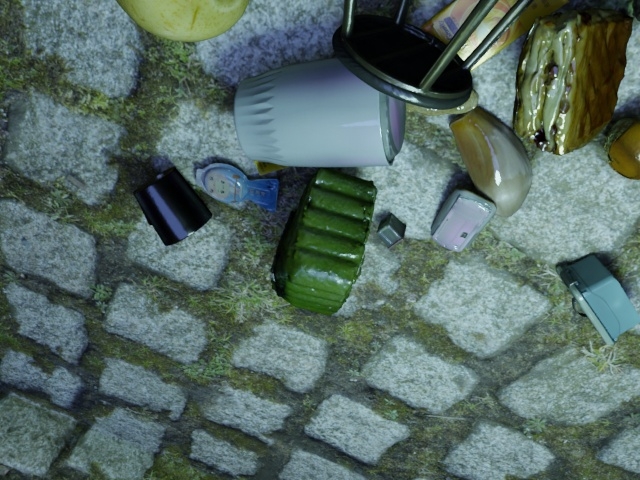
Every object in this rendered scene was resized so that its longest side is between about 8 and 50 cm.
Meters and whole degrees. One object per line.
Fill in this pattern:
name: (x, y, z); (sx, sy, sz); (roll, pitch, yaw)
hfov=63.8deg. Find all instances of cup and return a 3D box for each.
cup: (0.004, -0.294, 1.205); (0.371, 0.253, 0.254); (-1, 124, 16)
cup: (-0.464, -0.089, 1.505); (0.239, 0.166, 0.177); (-22, 113, 23)

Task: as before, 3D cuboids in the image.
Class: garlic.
garlic: (0.436, -0.195, 1.282); (0.143, 0.112, 0.318); (-25, 105, 29)

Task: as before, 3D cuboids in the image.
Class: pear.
pear: (-0.298, -0.569, 1.067); (0.309, 0.309, 0.309); (6, 125, 8)

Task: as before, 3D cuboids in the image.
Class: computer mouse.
computer mouse: (0.379, -0.056, 1.378); (0.125, 0.056, 0.245); (26, 149, 7)

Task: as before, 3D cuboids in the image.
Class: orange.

━━━━━━━━━━━━━━━━━━━━

**What to do**
Go back to the data above and please quote exactly, and only, the lines from the line with "name: (x, y, z);" through its last line.

**Answer to the exercise**
name: (x, y, z); (sx, sy, sz); (roll, pitch, yaw)
hfov=63.8deg. Find all instances of cup and return a 3D box for each.
cup: (0.004, -0.294, 1.205); (0.371, 0.253, 0.254); (-1, 124, 16)
cup: (-0.464, -0.089, 1.505); (0.239, 0.166, 0.177); (-22, 113, 23)

Task: as before, 3D cuboids in the image.
Class: garlic.
garlic: (0.436, -0.195, 1.282); (0.143, 0.112, 0.318); (-25, 105, 29)

Task: as before, 3D cuboids in the image.
Class: pear.
pear: (-0.298, -0.569, 1.067); (0.309, 0.309, 0.309); (6, 125, 8)

Task: as before, 3D cuboids in the image.
Class: computer mouse.
computer mouse: (0.379, -0.056, 1.378); (0.125, 0.056, 0.245); (26, 149, 7)

Task: as before, 3D cuboids in the image.
Class: orange.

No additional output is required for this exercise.